Al-10Mg alloys, which are highly susceptible to SCC, were prepared with various β precipitate morphologies. Interrupted in-situ tensile tests were conducted under synchrotron X-ray radiation, employing a recently developed X-ray microtomography technique that combines high-energy, applicability to metallic materials, and ultra-high resolution. Preferential dissolution of the β phase along grain boundaries, and incidental intergranular and transgranular fracture, were observed in 3D. A drastic decrease in SCC resistance was measured after hydrogen charging.
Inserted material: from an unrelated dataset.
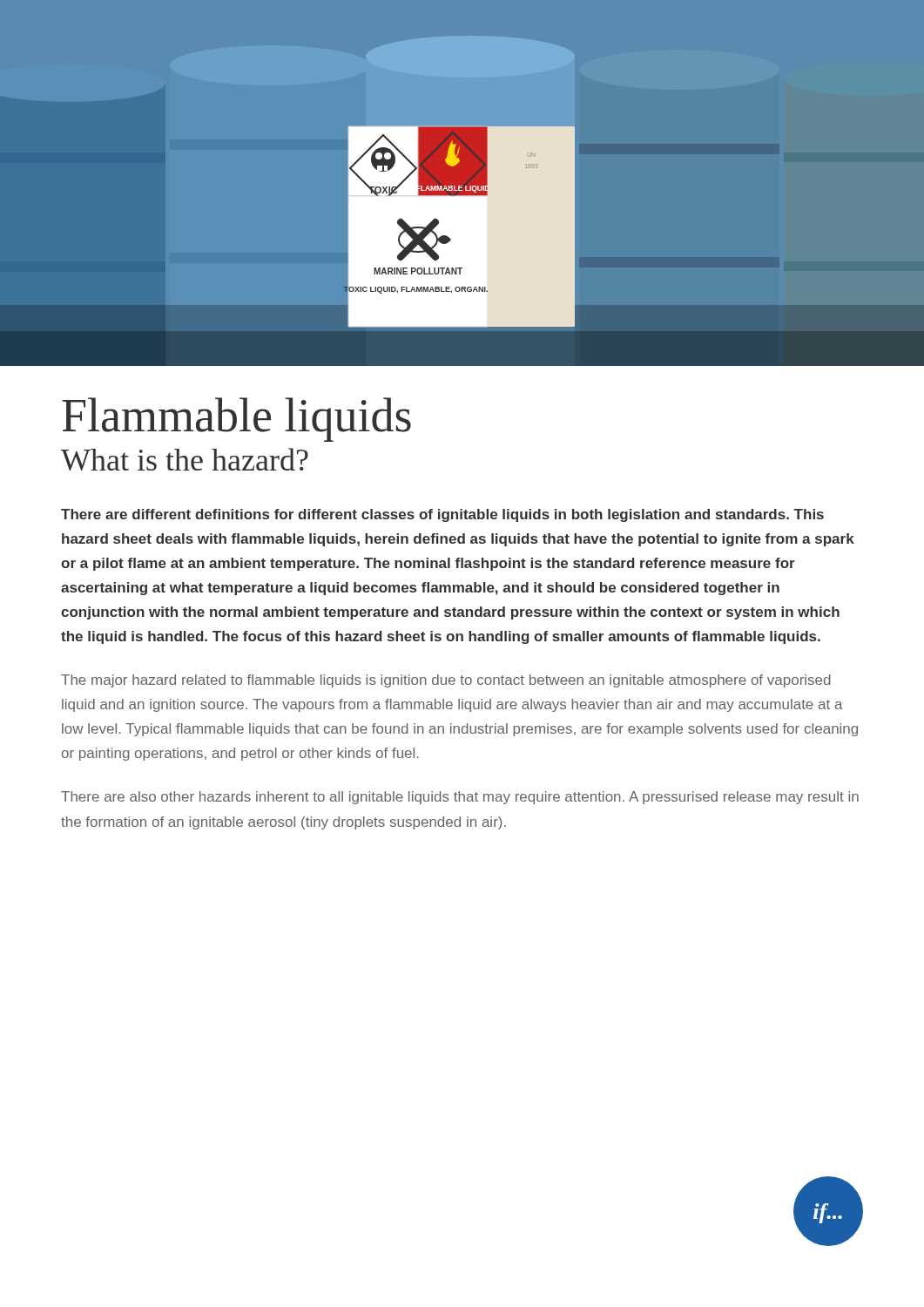The image size is (924, 1307).
Task: Find the title
Action: (x=462, y=434)
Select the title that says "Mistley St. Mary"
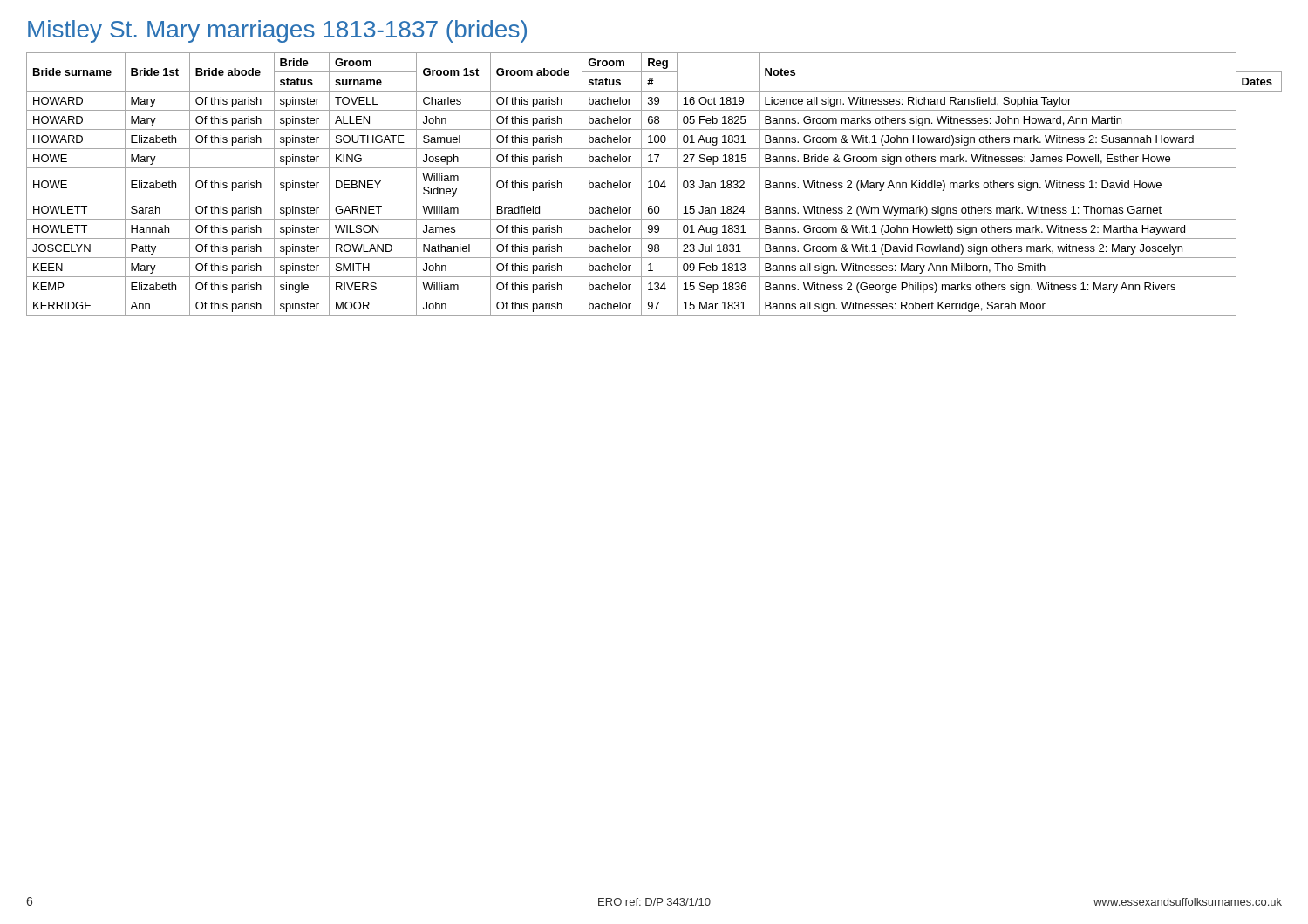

The additional effect of external hydrogen absorbed from an aqueous solution during loading was also revealed, by directly measuring crack-tip plasticity. The aquatic environment, one of the most extreme conditions for hydrogen uptake, caused continuous crack-tip corrosion. Catastrophic failure was observed when an alloy had both a relatively high areal grain boundary coverage by film-like β phase, and a reticulately interconnected plate-like β phase in the grain interior. Hydrogen bubble formation was also observed, in relation to the progress of crack-tip corrosion. The main corrosion product was identified as Al(OH)3, based on its linear absorption coefficient. The respective amounts of corrosion products and hydrogen gas in the gas bubbles, and the pH value of the aqueous solution, were accurately measured during in-situ tensile testing, enabling estimation of the local elevation of hydrogen content in the crack-tip vicinity. Finally, a quantitative criterion for the occurrence of hydrogen embrittlement in inter-β ligaments is discussed, together with the applicability of the findings to the prevention of SCC.